0: no progress is reported.
1: the number of processed rows is printed and updated.
2: rows processed and timings are reported.
3: rows processed and all timings are reported.

`verbose`

integer value. If 0, no additional output is printed. If 1, additional summary information is printed.

`xdfCompressionLevel`

integer in the range of -1 to 9. The higher the value, the greater the amount of compression - resulting in smaller files but a longer time to create them. If xdfCompressionLevel is set to 0, there will be no compression and files will be compatible with the 6.0 release of Revolution R Enterprise. If set to -1, a default level of compression will be used.

`...`

additional arguments to be passed directly to the function used to partition the data. For example,

Uniform Partition - a fill argument with supported values are "left", "center", or "right", can be used to place the remaining rows/blocks in the set of output files. For example, if sortBy = "blocks", inFile has 15 blocks, and the number of output files is 6, the distribution of blocks for the set of 6 output files will be:
fill = "left" - 3 3 3 2 2 2
fill = "center" - 2 3 3 3 2 2
fill = "right" - 2 2 2 3 3 3

Details

rxSplit: Use rxSplit as a general function to partition a data frame or .xdf file. Behind the scenes, the rxSplitXdf function is called by rxSplit after converting the inData data source into a (temporary) .xdf file. If both outFilesBase and outFileSuffixes are NULL (the default), then the type of output is determined by the type of inData: if the inData is an .xdf file name or an RxXdfData object, and list of RxXdfData data sources representing the new split .xdf files is returned. If the inData is a data frame, then the output is returned as a list of data frames. If outFilesBase is an empty character string and outFileSuffixes is NULL, a list of data frames is always returned. In the case that a list of data frames is returned, the names of the list are in shortFileName.splitType.NumberOrFactor format, e.g., iris.Species.versicolor or myXdfFile.rows.3.

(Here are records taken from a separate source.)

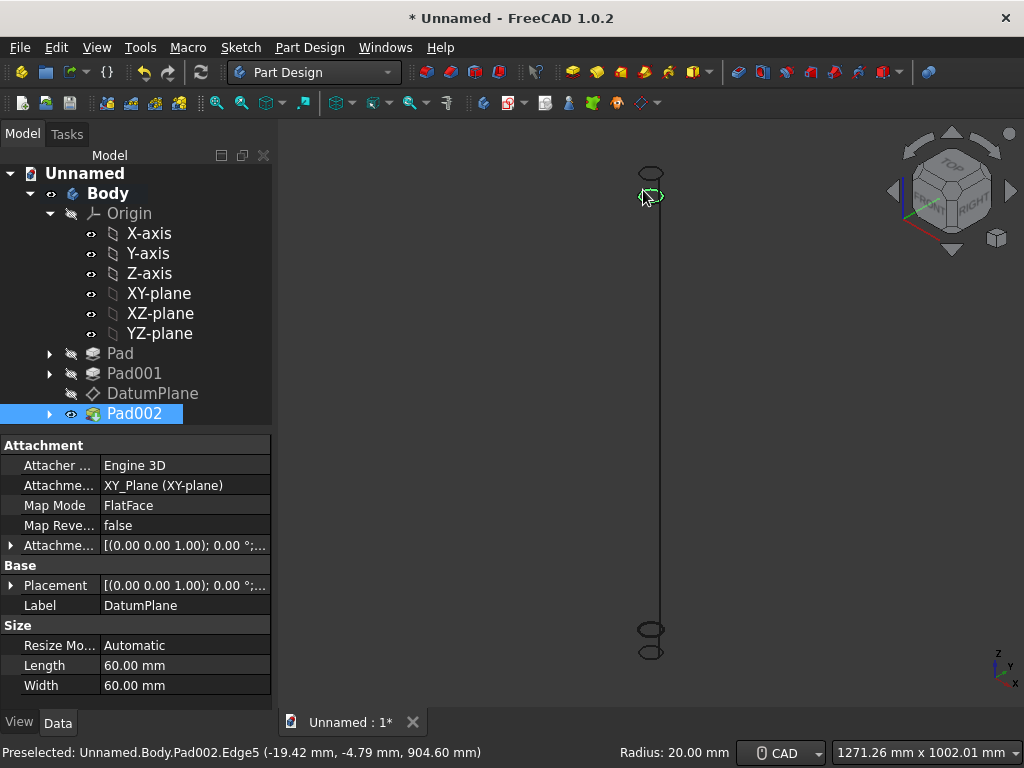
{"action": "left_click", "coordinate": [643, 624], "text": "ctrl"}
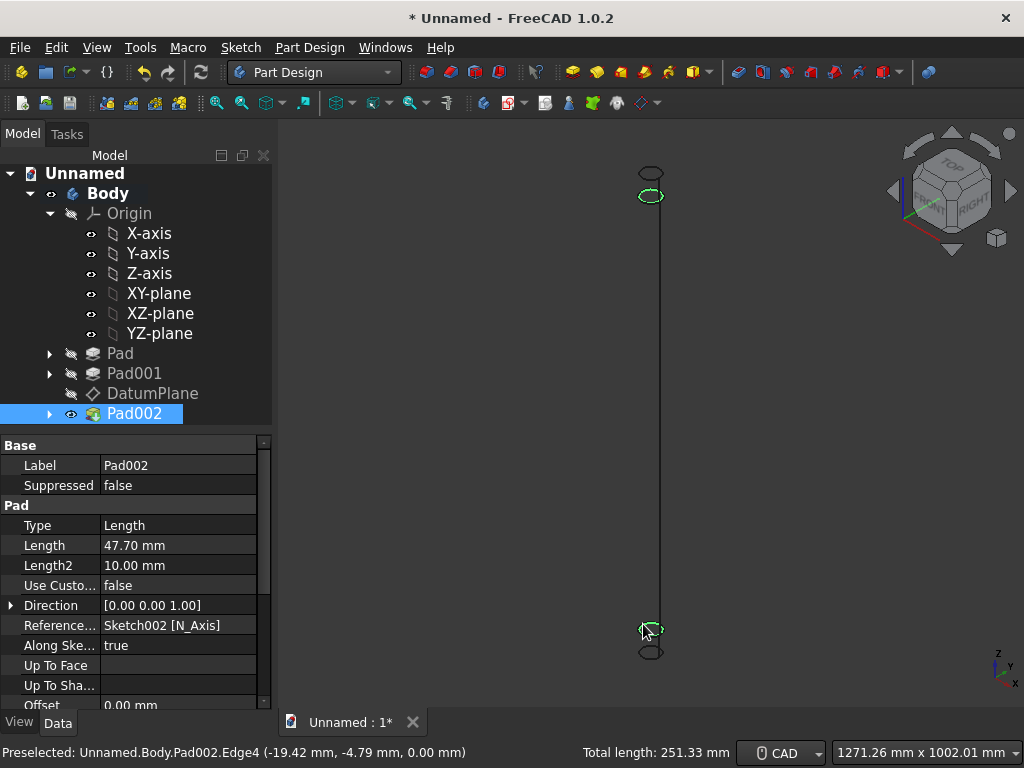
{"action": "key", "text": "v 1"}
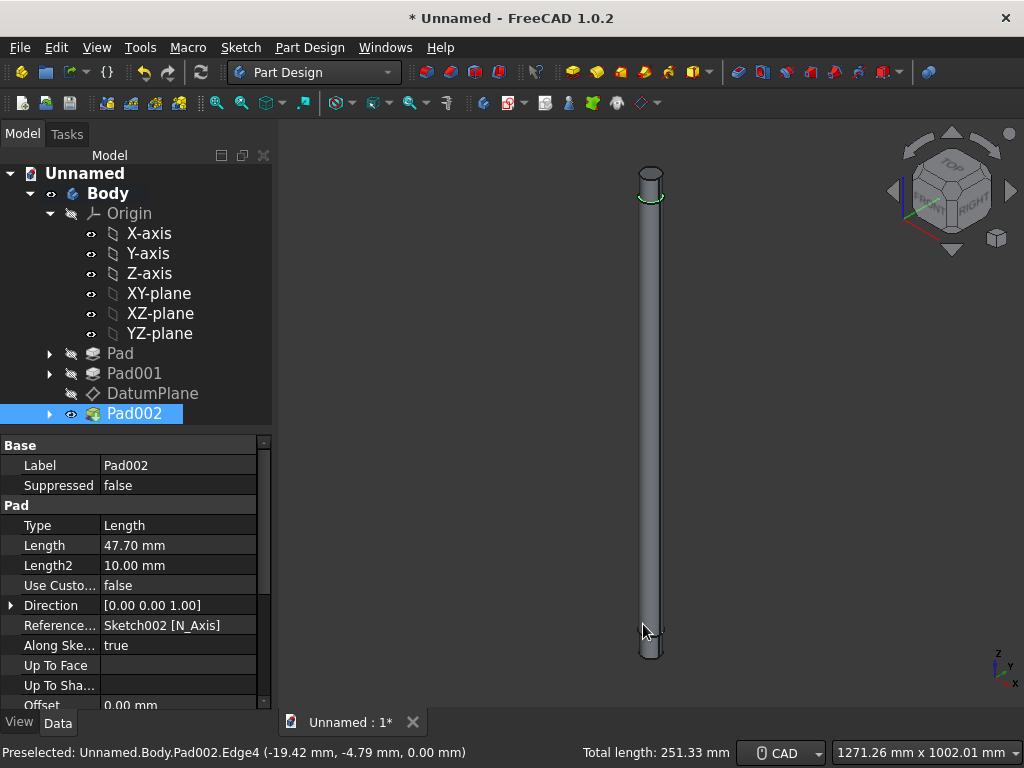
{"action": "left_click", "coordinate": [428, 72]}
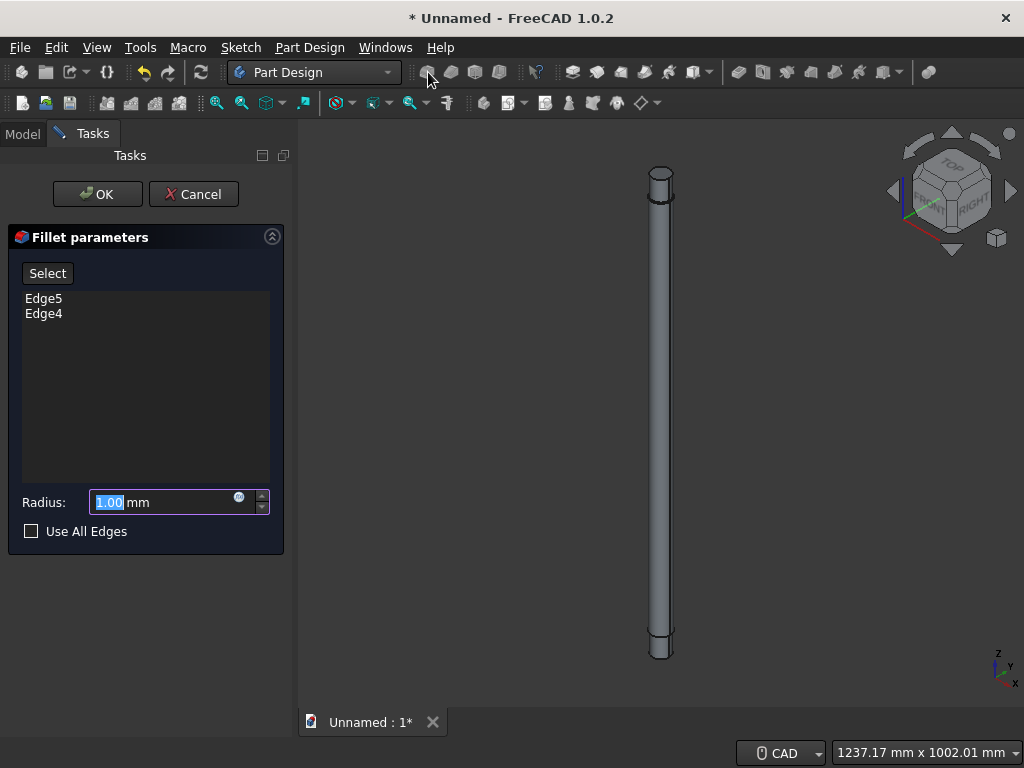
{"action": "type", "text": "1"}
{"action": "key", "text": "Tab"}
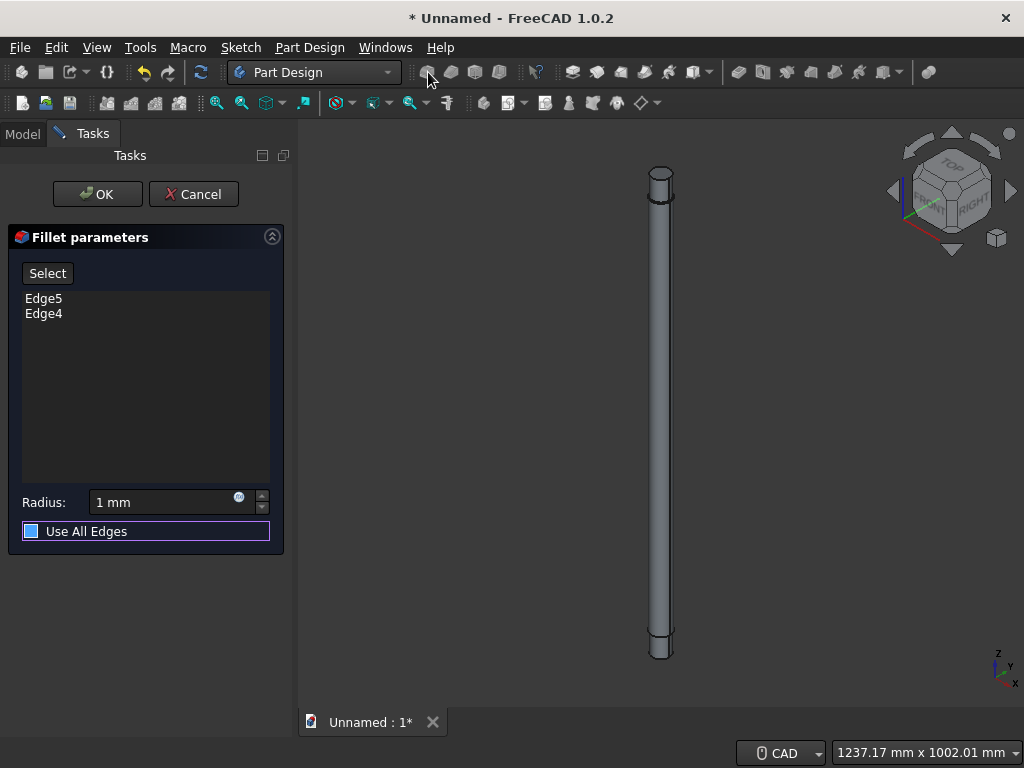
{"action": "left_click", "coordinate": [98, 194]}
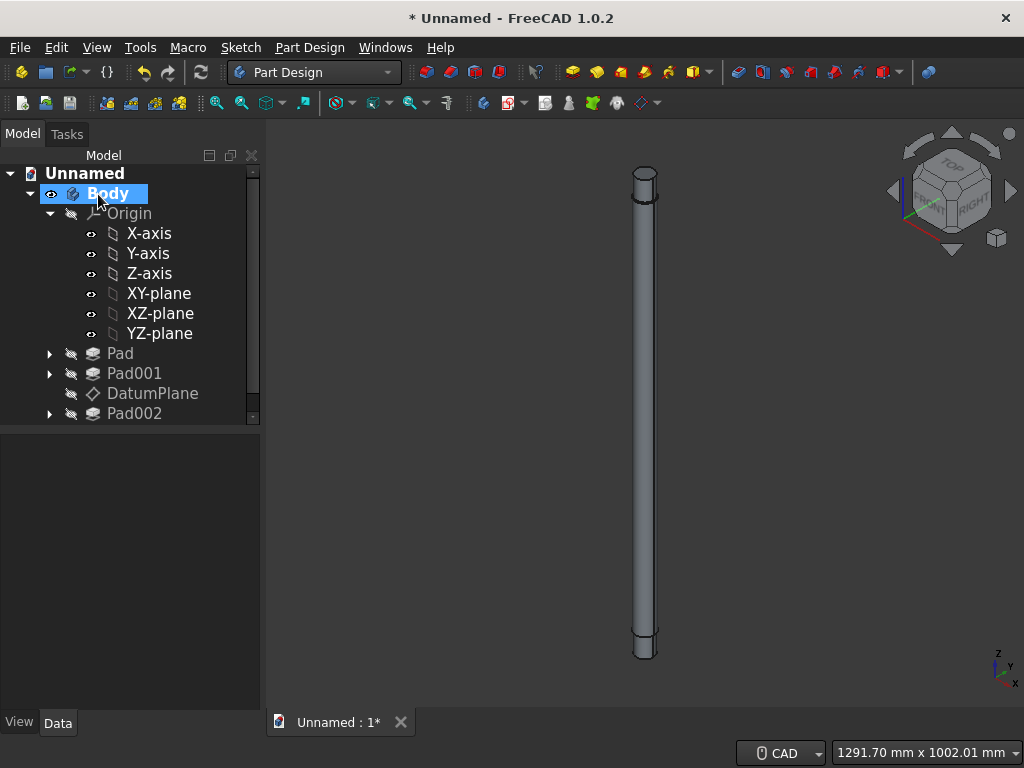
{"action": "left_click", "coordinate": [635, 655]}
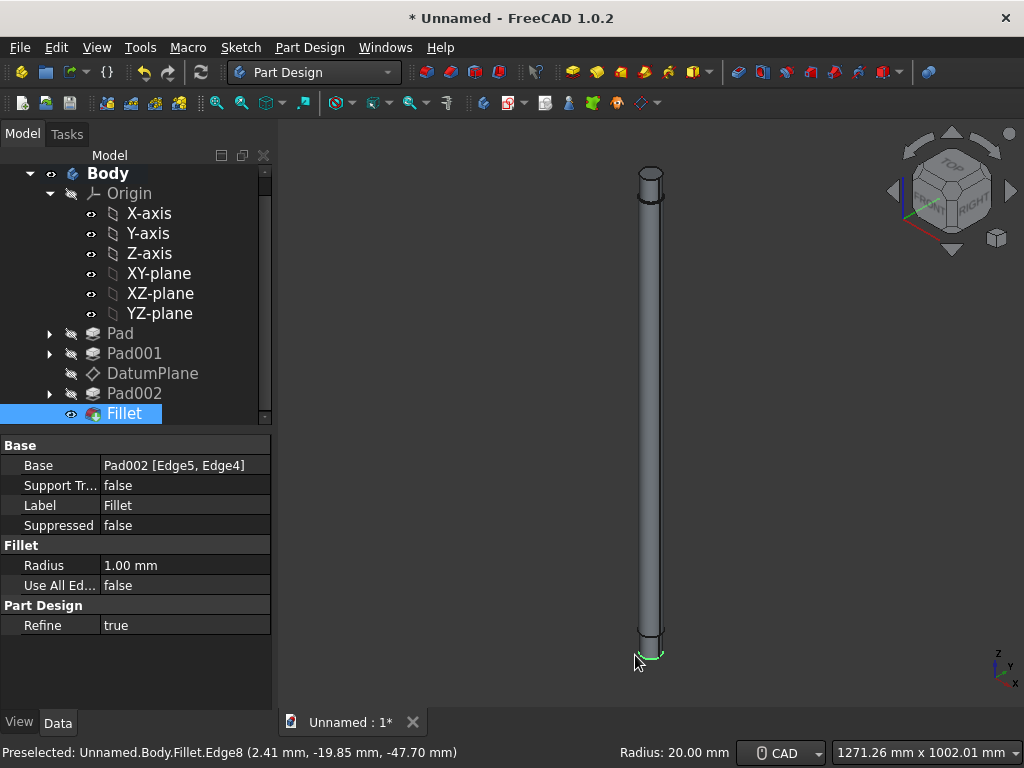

rxSplitXdf: Use rxSplitXdf to partition an .xdf file. The inFile .xdf file is uniformly partitioned (to the extent possible) and each partition is written to a distinct user-specified file. As an example, if inFile contains a million rows, splitBy = "rows", and the number of output files we specify to create is five, then each output file will contain two hundred thousand observations, assuming none were dropped via a rowSelection argument specification. The number of output files is controlled either directly or indirectly through a combination of
arguments: inFile, outFilesBase, outFileSuffixes, and numOutFiles.
In general, the values of these arguments are pasted together to form a character vector of output file paths, with scalar values auto-expanded to vectors (of an appropriate size) prior to pasting. This scheme allows the user to either specify directly the full paths to the output files they wish to form or do so implicitly (and perhaps more conveniently) using various combinations of these arguments. We illustrate the use of these combinations in the examples below, which are assumed to be run under Windows.

``

Col 1	Col 2	Col 3
INPUT ARGUMENTS		OUTPUT FILE VECTOR
`inFile = "foo.xdf", numOutFiles = 3`		`"foo1.xdf", "foo2.xdf", "foo3.xdf"`
`outFilesBase = "out", numOutFiles = 4`		`"out1.xdf", "out2.xdf", "out3.xdf", "out4.xdf"`
`outFilesBase = "golf", outFileSuffixes = c("club", "tee", "score")`		`"golfclub.xdf", "golftee.xdf", "golfscore.xdf"`
`outFilesBase = "C:\\myDir\\", outFileSuffixes = c("a\\same", "b\\same", "c\\same")`		`"C:\\myDir\\a\\same.xdf", "C:\\myDir\\b\\same.xdf", "C:\\myDir\\c\\same.xdf"`
`outFilesBase = c("C:\\here\\file1.xdf", "D:\\there\\file2.xdf", "E:\\everywhere\\file3.xdf")`		`"C:\\here\\file1.xdf", "D:\\there\\file2.xdf", "E:\\everywhere\\file3.xdf"`

Value

a list of data frames or an invisible list of RxXdfData data source objects corresponding to the created output files.

Author(s)

Microsoft Corporation Microsoft Technical Support

Examples


 #####
 # rxSplit Examples

 # DF -> DF : Data frame input to list of data frames
 IrisDFList <- rxSplit(iris, numOut = 3, reportProgress = 0, verbose = 0)
 names(IrisDFList) 
 head(IrisDFList[[3]]) 

 IrisDFList <- rxSplit(iris, splitByFactor = "Species", reportProgress = 0, verbose = 0)
 names(IrisDFList) 
 head(IrisDFList[[1]])

 # DF -> XDF : Data frame input to .xdf outputs (list of RxXdfData data sources)
 irisXDFs <- rxSplit(iris, splitByFactor = "Species", outFilesBase = file.path(tempdir(),"iris"), 
         reportProgress = 0, verbose = 0, overwrite = TRUE)
 print(irisXDFs)
 invisible(sapply(irisXDFs, function(x) if (file.exists(x@file)) unlink(x@file)))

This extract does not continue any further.